### Work item
Retype the listing found below exactly, but leave out each picture.

### Source material

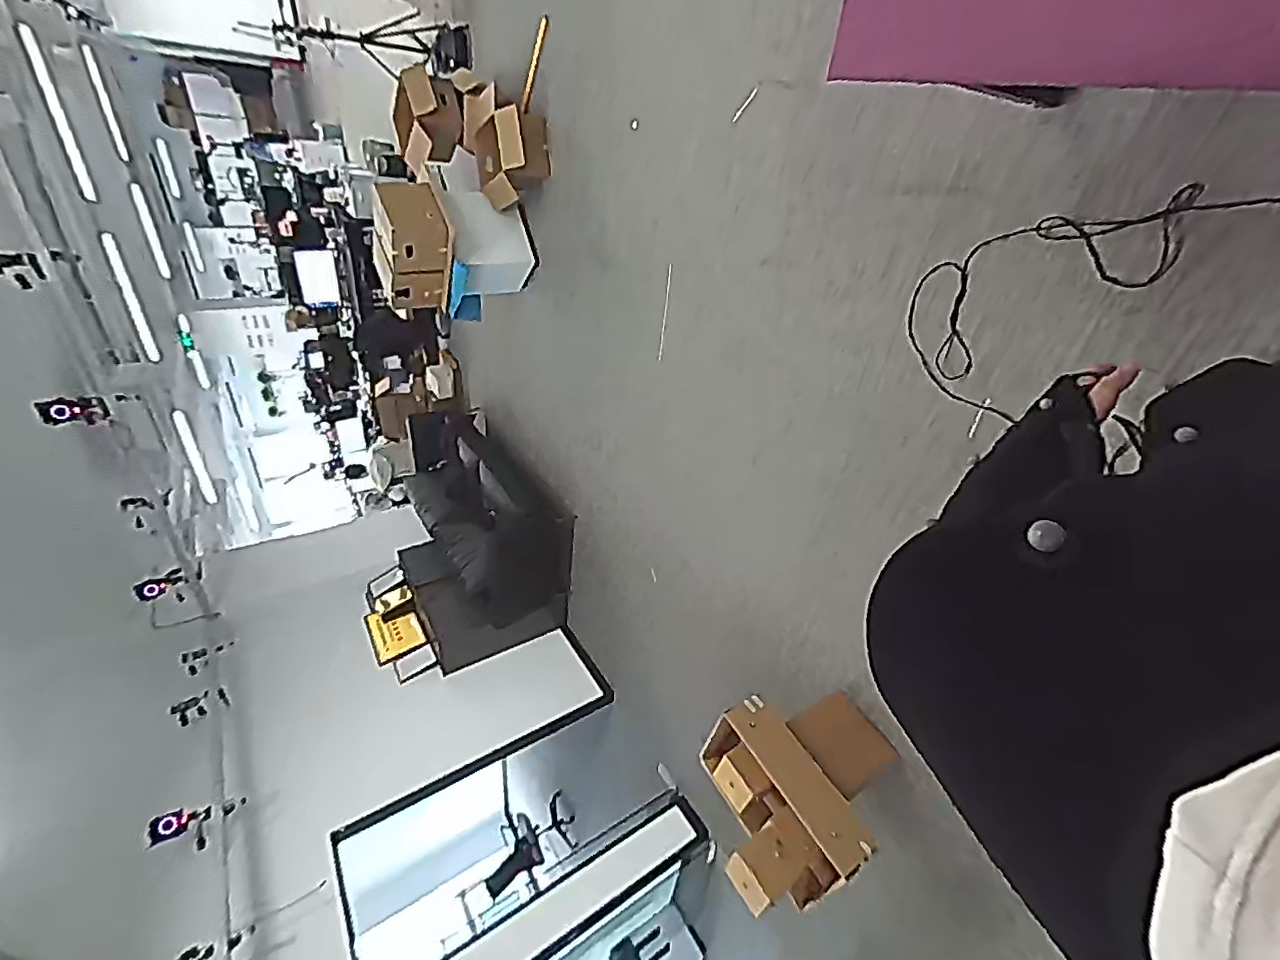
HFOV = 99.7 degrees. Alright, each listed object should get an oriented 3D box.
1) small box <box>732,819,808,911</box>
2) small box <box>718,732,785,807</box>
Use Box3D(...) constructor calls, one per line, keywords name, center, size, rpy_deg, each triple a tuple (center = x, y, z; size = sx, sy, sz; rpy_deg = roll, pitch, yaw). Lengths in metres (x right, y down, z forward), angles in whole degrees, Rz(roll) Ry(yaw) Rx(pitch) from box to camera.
Box3D(name="small box", center=(0.448, 1.316, 1.853), size=(0.168, 0.176, 0.179), rpy_deg=(43, 138, 38))
Box3D(name="small box", center=(0.434, 1.119, 2.095), size=(0.168, 0.176, 0.179), rpy_deg=(46, 138, 36))

### Answer area
HFOV = 99.7 degrees. Alright, each listed object should get an oriented 3D box.
1) small box <box>732,819,808,911</box>
2) small box <box>718,732,785,807</box>
Use Box3D(...) constructor calls, one per line, keywords name, center, size, rpy_deg, each triple a tuple (center = x, y, z; size = sx, sy, sz; rpy_deg = roll, pitch, yaw). Lengths in metres (x right, y down, z forward), angles in whole degrees, Rz(roll) Ry(yaw) Rx(pitch) from box to camera.
Box3D(name="small box", center=(0.448, 1.316, 1.853), size=(0.168, 0.176, 0.179), rpy_deg=(43, 138, 38))
Box3D(name="small box", center=(0.434, 1.119, 2.095), size=(0.168, 0.176, 0.179), rpy_deg=(46, 138, 36))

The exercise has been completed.